Below is a listing. Write out exactly its lines between the one holding "Document page, 1241x1754 pixels." and the one holding "For every layout", inclusive.

**RECORDS SUPPLIED:**
▽

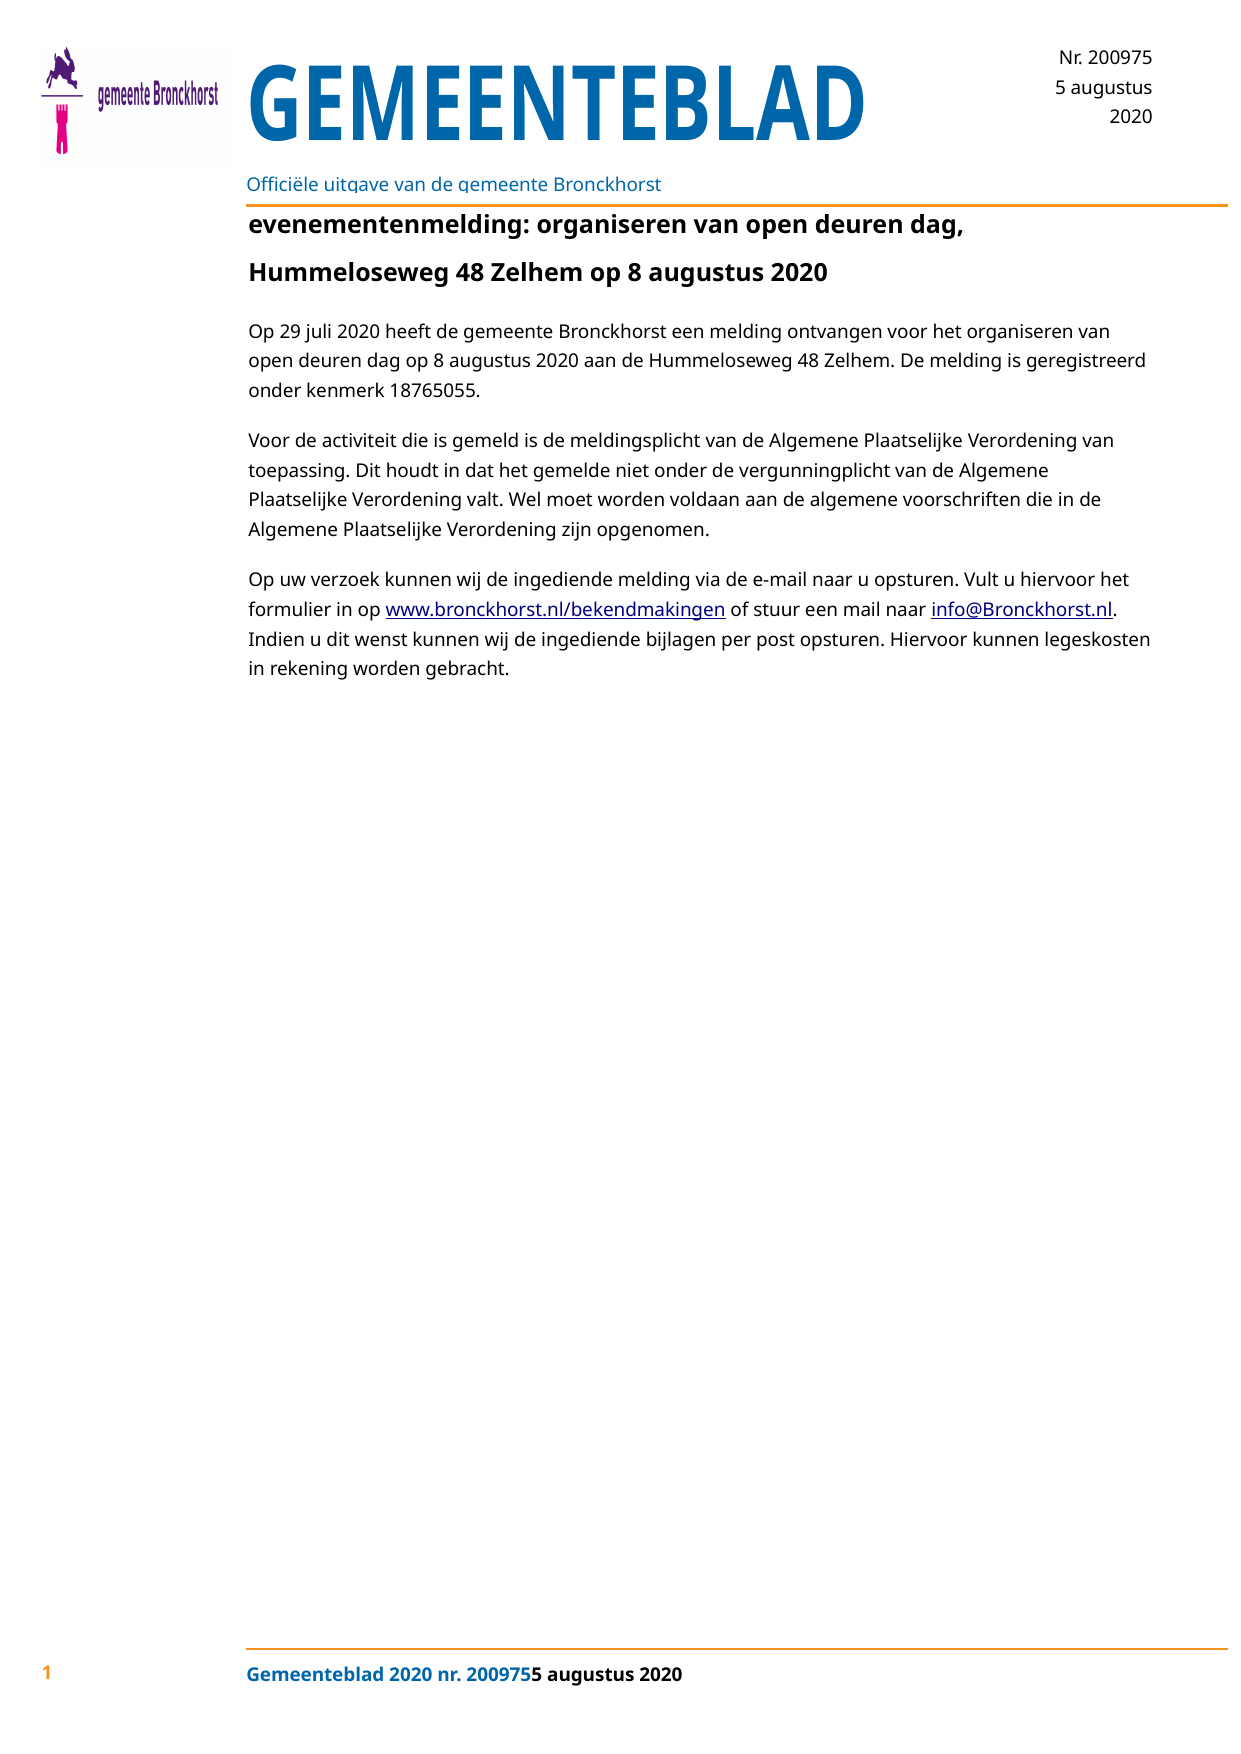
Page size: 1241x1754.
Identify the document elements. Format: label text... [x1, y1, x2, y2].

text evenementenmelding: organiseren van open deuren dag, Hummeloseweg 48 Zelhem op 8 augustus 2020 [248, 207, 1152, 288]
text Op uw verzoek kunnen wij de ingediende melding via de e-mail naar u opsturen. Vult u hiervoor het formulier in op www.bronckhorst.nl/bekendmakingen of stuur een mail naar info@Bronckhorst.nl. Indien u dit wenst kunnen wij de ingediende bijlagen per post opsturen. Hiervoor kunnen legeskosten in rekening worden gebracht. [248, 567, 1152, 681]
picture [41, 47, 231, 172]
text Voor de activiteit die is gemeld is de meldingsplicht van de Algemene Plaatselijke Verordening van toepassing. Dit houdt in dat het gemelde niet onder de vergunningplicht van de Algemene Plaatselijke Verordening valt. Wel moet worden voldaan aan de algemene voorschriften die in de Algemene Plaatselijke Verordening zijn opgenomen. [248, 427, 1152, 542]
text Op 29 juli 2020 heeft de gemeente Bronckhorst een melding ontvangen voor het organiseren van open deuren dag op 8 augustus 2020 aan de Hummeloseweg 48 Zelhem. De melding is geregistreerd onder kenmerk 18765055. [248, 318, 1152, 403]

△
▽

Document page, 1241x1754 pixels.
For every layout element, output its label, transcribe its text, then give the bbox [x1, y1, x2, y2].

△

**TASK SOLUTION:**
Document page, 1241x1754 pixels.
For every layout element, output its label, transcribe its text, then give the bbox [x1, y1, x2, y2].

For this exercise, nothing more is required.